First of all, investors appear to be shying away from risk, a shift that can also be gleaned from the relative performance of a host of different assets. For instance, gold has been handily beating stocks this year, and consumer staples companies are far outperforming their discretionary brethren.

This sentiment environment should tend to be good for dividend stocks relative to buyback names, as dividend payers are often considered to be more stable and steadfast companies. Topping the list of holdings in the DVY ETF are companies like Lockheed Martin, Chevron and Kimberly Clark.

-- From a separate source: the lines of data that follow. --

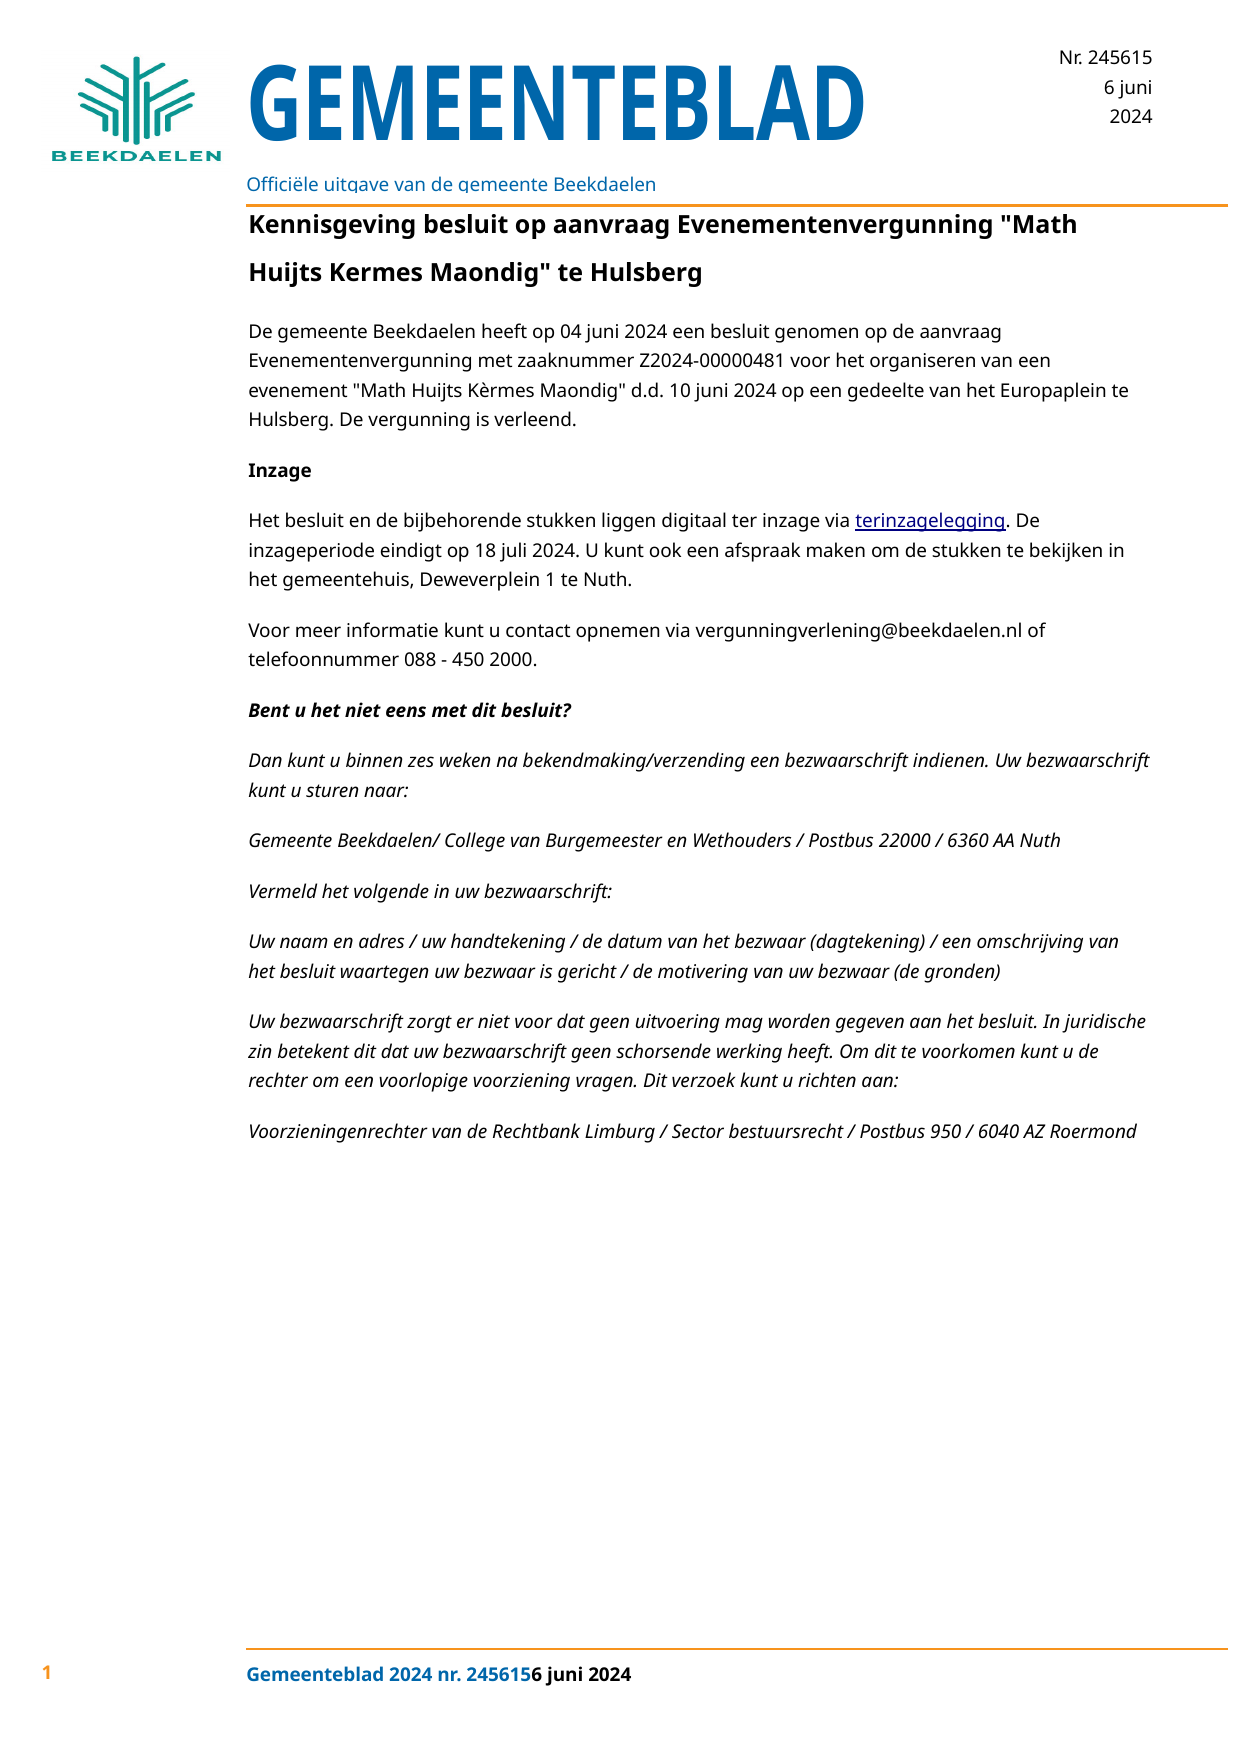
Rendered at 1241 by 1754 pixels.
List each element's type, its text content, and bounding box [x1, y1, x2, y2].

text Uw bezwaarschrift zorgt er niet voor dat geen uitvoering mag worden gegeven aan het besluit. In juridische zin betekent dit dat uw bezwaarschrift geen schorsende werking heeft. Om dit te voorkomen kunt u de rechter om een voorlopige voorziening vragen. Dit verzoek kunt u richten aan: [248, 1008, 1152, 1093]
picture [41, 47, 231, 172]
text Dan kunt u binnen zes weken na bekendmaking/verzending een bezwaarschrift indienen. Uw bezwaarschrift kunt u sturen naar: [248, 747, 1152, 803]
text Kennisgeving besluit op aanvraag Evenementenvergunning "Math Huijts Kermes Maondig" te Hulsberg [248, 207, 1152, 288]
text Uw naam en adres / uw handtekening / de datum van het bezwaar (dagtekening) / een omschrijving van het besluit waartegen uw bezwaar is gericht / de motivering van uw bezwaar (de gronden) [248, 928, 1152, 984]
text Het besluit en de bijbehorende stukken liggen digitaal ter inzage via terinzagelegging. De inzageperiode eindigt op 18 juli 2024. U kunt ook een afspraak maken om de stukken te bekijken in het gemeentehuis, Deweverplein 1 te Nuth. [248, 507, 1152, 592]
text Vermeld het volgende in uw bezwaarschrift: [248, 878, 1152, 904]
text Gemeente Beekdaelen/ College van Burgemeester en Wethouders / Postbus 22000 / 6360 AA Nuth [248, 827, 1152, 853]
text Voorzieningenrechter van de Rechtbank Limburg / Sector bestuursrecht / Postbus 950 / 6040 AZ Roermond [248, 1118, 1152, 1144]
text De gemeente Beekdaelen heeft op 04 juni 2024 een besluit genomen op de aanvraag Evenementenvergunning met zaaknummer Z2024-00000481 voor het organiseren van een evenement "Math Huijts Kèrmes Maondig" d.d. 10 juni 2024 op een gedeelte van het Europaplein te Hulsberg. De vergunning is verleend. [248, 318, 1152, 432]
text Bent u het niet eens met dit besluit? [248, 697, 1152, 723]
text Voor meer informatie kunt u contact opnemen via vergunningverlening@beekdaelen.nl of telefoonnummer 088 - 450 2000. [248, 617, 1152, 672]
text Inzage [248, 457, 1152, 483]
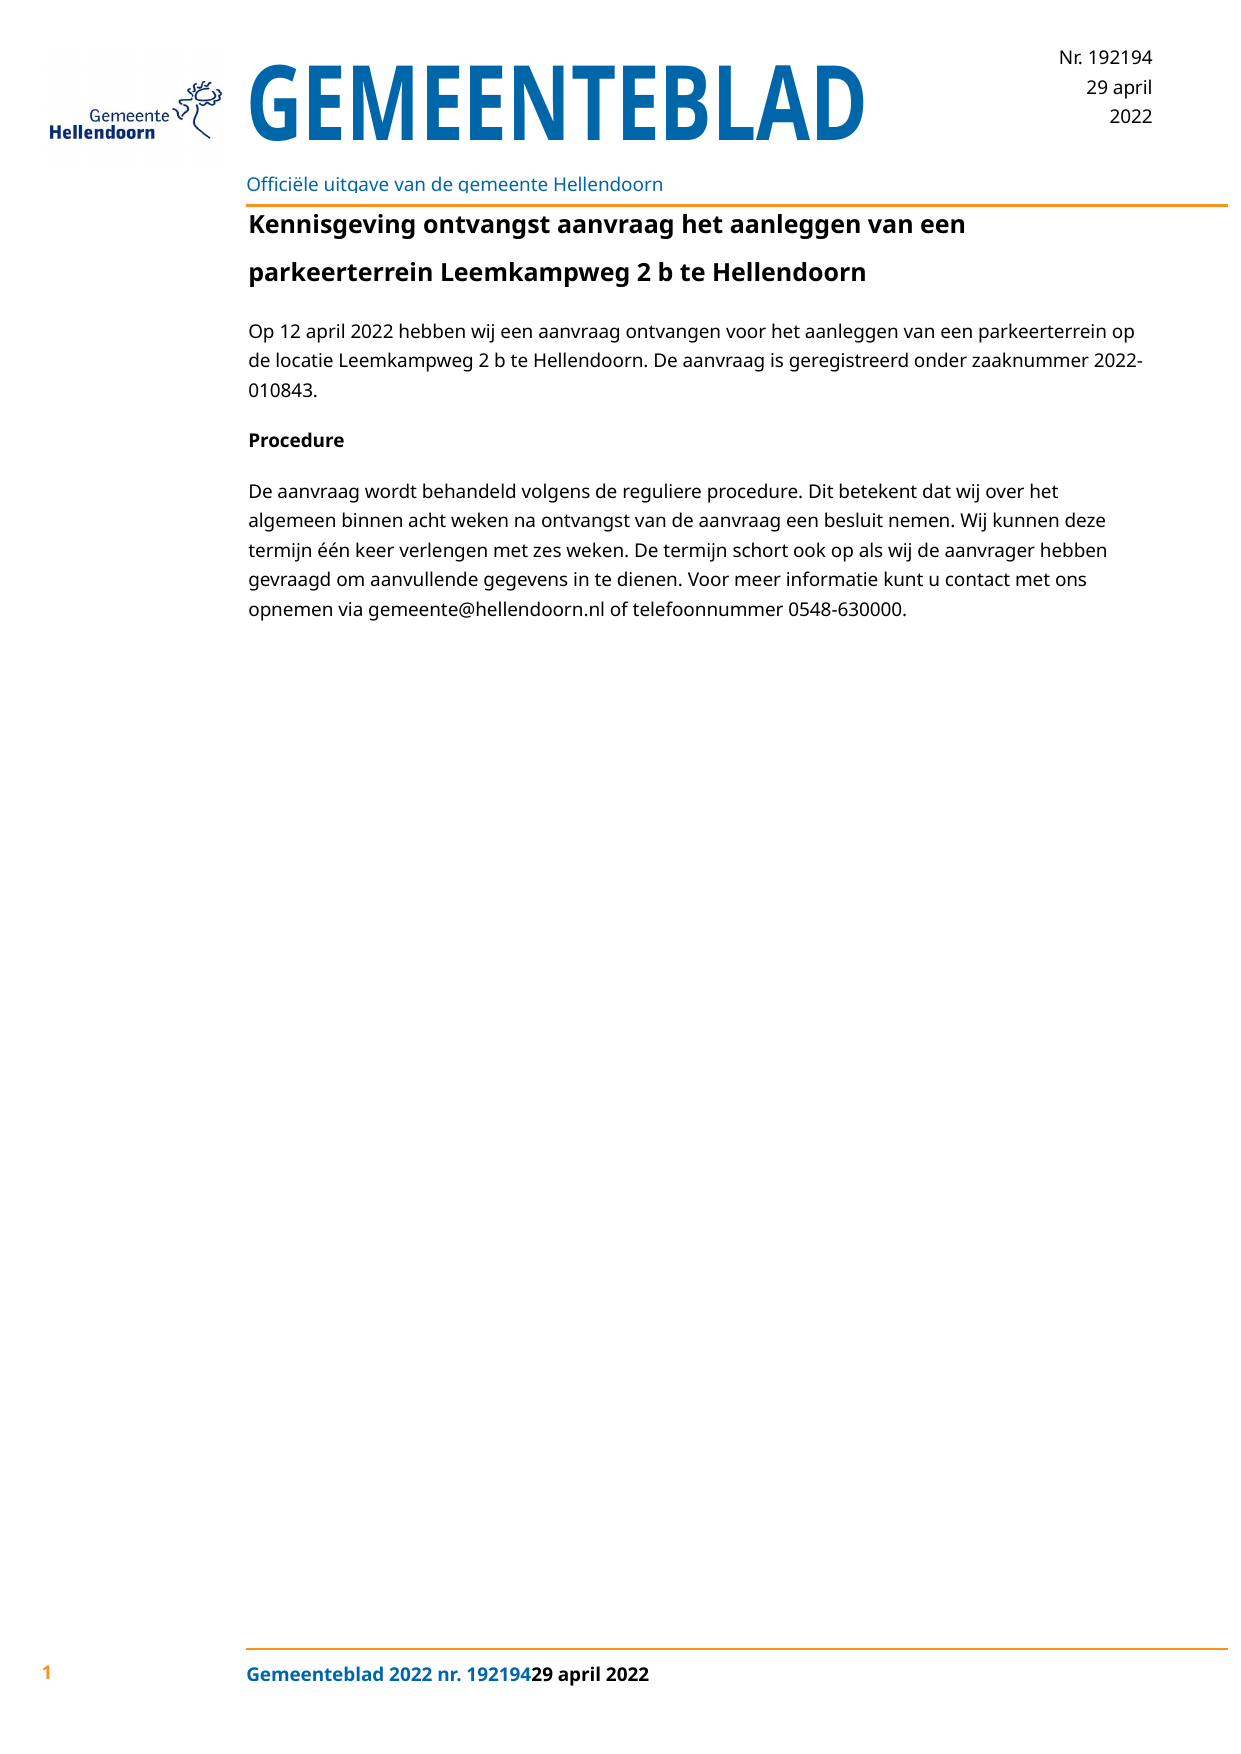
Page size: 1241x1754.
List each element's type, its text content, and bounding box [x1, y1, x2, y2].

text Op 12 april 2022 hebben wij een aanvraag ontvangen voor het aanleggen van een parkeerterrein op de locatie Leemkampweg 2 b te Hellendoorn. De aanvraag is geregistreerd onder zaaknummer 2022-010843. [248, 318, 1152, 403]
text De aanvraag wordt behandeld volgens de reguliere procedure. Dit betekent dat wij over het algemeen binnen acht weken na ontvangst van de aanvraag een besluit nemen. Wij kunnen deze termijn één keer verlengen met zes weken. De termijn schort ook op als wij de aanvrager hebben gevraagd om aanvullende gegevens in te dienen. Voor meer informatie kunt u contact met ons opnemen via gemeente@hellendoorn.nl of telefoonnummer 0548-630000. [248, 478, 1152, 622]
text Procedure [248, 427, 1152, 453]
text Kennisgeving ontvangst aanvraag het aanleggen van een parkeerterrein Leemkampweg 2 b te Hellendoorn [248, 207, 1152, 288]
picture [41, 47, 231, 172]

Second, dovish signals from the Federal Reserve and economic worries have led bond yields to slide powerfully. The 10-year Treasury note yield started the year at about 2.3 percent, and is now below 1.8 percent. This decline naturally leads yield-seeking investors to favor high-dividend payers, as compared to buyback titans.

As the Fed pushes rate hikes further and further into the future, "dividend stocks are going to be the name of the game," RJO Futures strategist Phillip Streible predicted Friday on CNBC's "Trading Nation."

For her part, Erin Gibbs of S&P Investment Advisory pointed out that the outperformance of high-dividend stocks shouldn't really be a big surprise.

A look at the past 15 years of relative returns tells her that "about two-thirds of the time, you're better off buying high-dividend stocks than high buybacks," she said in the same "Trading Nation" segment.

Those buybackers tend to outperform in low-volatility times, but "as we expect this year to be marked by high volatility, we might see a continued trend of the DVY beating the PKW," Gibbs wrote to CNBC.

Such outperformance could then come back to impact corporate decision-making.

As buyback-heavy stocks underperform, "we think companies will shift to cash return via dividends," BofA Merrill Lynch's Savita Subramanian predicted in a recent note to clients.

She adds that dividends are primed to rise particularly since the "dividend payout ratio is still near the low end of its historical range," and the aging of the developed worth means that "the demand for yield will only grow."